The 2011 charter review committee recommended moving to fully at-large elections – the City’s election system before 1971. However, the majority of the 2011 Council voted to take no action. No lawsuit was filed in 2011; nor has the City ever faced a CVRA lawsuit. No City has ever won a CVRA lawsuit, although one was dismissed because the city, Whittier, had already changed its election system when the case was heard.

Council Member Debi Davis, Ethics Committee Chair, said the charter review request didn’t come from that committee. “This issue was not discussed,” she said. “I don’t know where this came from. Council Member Caserta said he wanted an overhaul of our charter. This [proposed] overhaul is about a lot of different things.” The other committee members are Council Members Caserta and Teresa O’Neill.

Council Member Lisa Gillmor – generally perceived as the principal target of October’s push poll – questioned whether this was truly urgent.

“This came to us last week as somewhat an emergency item,” she said. “I’m not sure it’s an emergency. All of a sudden that [charter change] trumped the lobbying ordinance. It looks bad. What is the charter review committee going to do? I think we should have a study session so we can find out what the public wants. That’s the next step and we should give direction to the charter review [committee]. We can’t just throw together a committee and have one or two council members define it.”

Caserta was on the side of urgency.

One of the reasons for the trust problem in politics was a lack of “responsiveness in our elected officials,” Caserta said. And a key part of that was “how we elect our City Council. I’m 40 years old and I’m the youngest person on this Council. We are not representative. Four of us are retired. I was elected last year with only 40 percent of the vote. We need officials who are elected by 50 percent-plus-one.

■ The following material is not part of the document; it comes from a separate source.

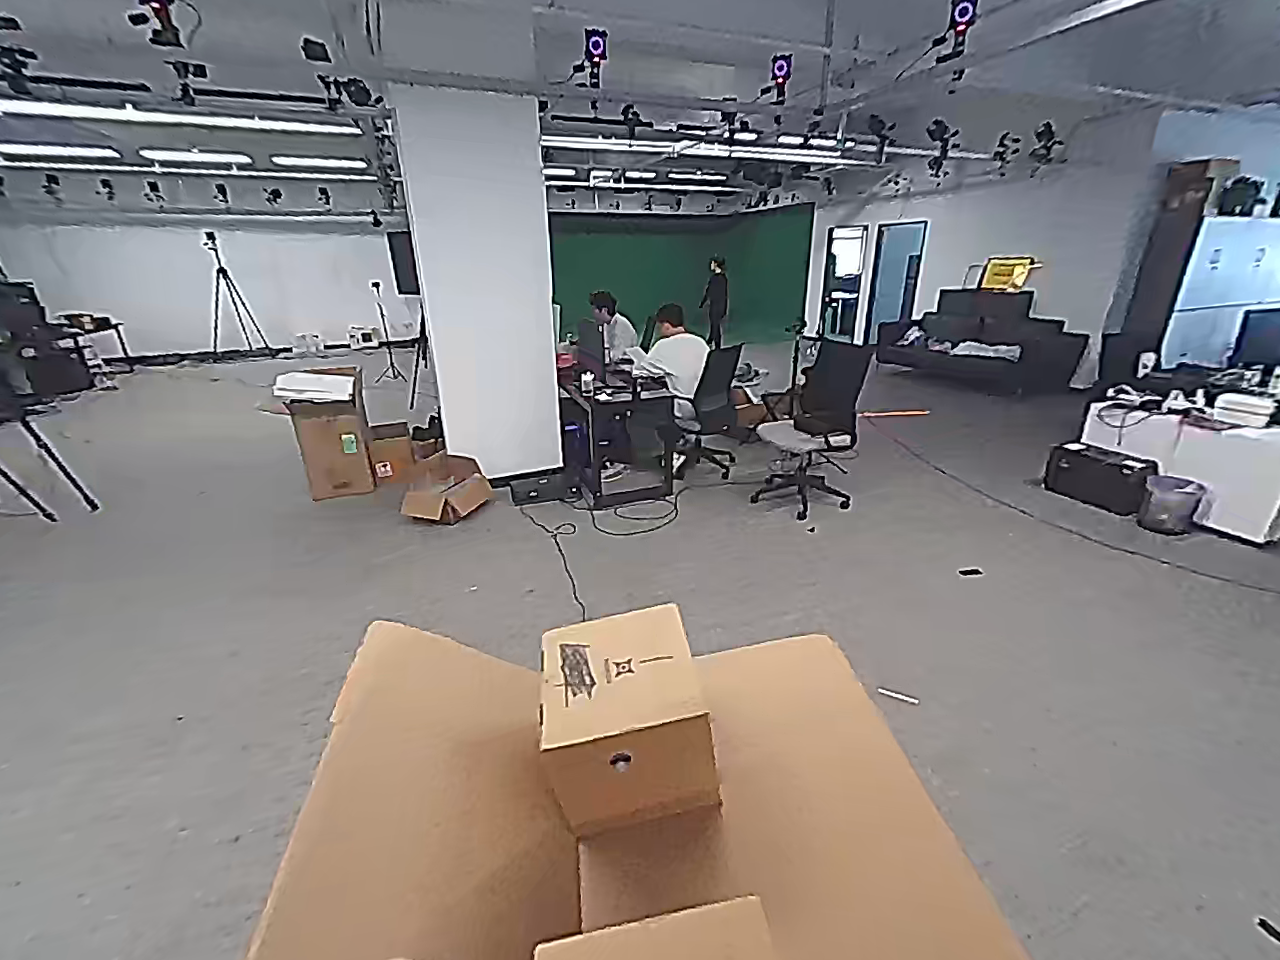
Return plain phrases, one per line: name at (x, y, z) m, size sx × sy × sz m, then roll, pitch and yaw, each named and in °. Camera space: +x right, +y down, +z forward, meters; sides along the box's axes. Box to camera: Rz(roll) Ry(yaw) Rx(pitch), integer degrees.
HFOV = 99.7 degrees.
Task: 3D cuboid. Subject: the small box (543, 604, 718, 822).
small box at (-0.012, 0.286, 0.668) m, size 0.179 × 0.176 × 0.168 m, roll -12°, pitch 31°, yaw -3°

“The way we work is the way we worked 40, 50 years ago,” he continued. But it won’t work now. This is a product of what is frustrating and bubbling up in our community.”

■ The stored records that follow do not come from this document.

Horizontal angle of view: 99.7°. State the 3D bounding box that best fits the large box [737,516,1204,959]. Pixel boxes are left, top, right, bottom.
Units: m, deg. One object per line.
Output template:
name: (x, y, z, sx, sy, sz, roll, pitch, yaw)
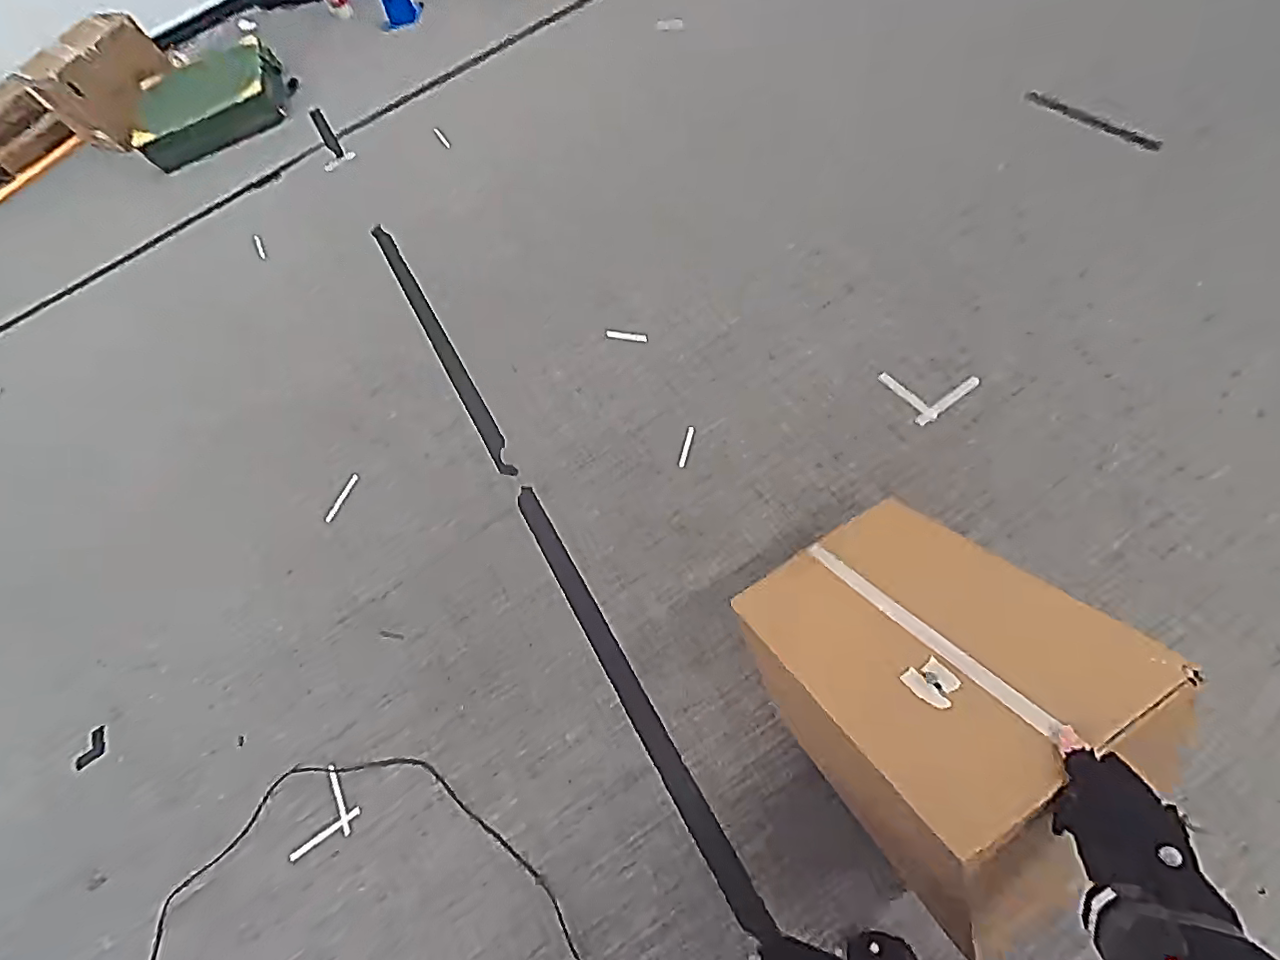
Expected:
large box: (0.401, 0.316, 0.741, 0.320, 0.320, 0.408, -32, 30, -9)

After saying that he wasn’t one “to drop” on Scott Herhold, or to dish on social media about closed session discussions, Caserta said, “I’m not indicting any of us. What I am asking is for our community to come together. It would not be good for me, politically, to go to district elections, but I’m not here to do what’s good for me,” he said with a concluding warning. “We are going to be sued before Nov.2016.”

O’Neill is the one member of the Council who has been a consistent advocate for by-district elections. “At the 2011 charter review, we looked at alternative election means. There was not support for district elections. Only myself and one other person voted for district elections.” She also raised the question of what the process would be for creating election districts and the length of time required – it sometimes takes as much as a year. So no change would be unlikely to go into effect before 2018.

Recent Santa Clara University graduate and resident Jordan Nunes made the case for districts.

“How are people supposed to find the courage to run against people who have served for decades? I recently graduated from Santa Clara University and I have hopes of running for City Council. With the rules we have now, this would be impossible. The system we have now is unfair to recent immigrants, minorities and young people. We need a system that represents people living in different parts of Santa Clara. Santa Clara is changing – the system needs to change with it. ”

Regardless of the fairness of Santa Clara’s election system, some doubt whether districts would advance good government. “San Jose has district elections,” wrote resident Robert Fitch in an email to the City. “It does not seem to have resulted in an improved council.” Last month San Jose’s Ethics Commission launched an investigation into 40 Council Members and candidates – including Mayor Sam Liccardo – for campaign finance reporting violations.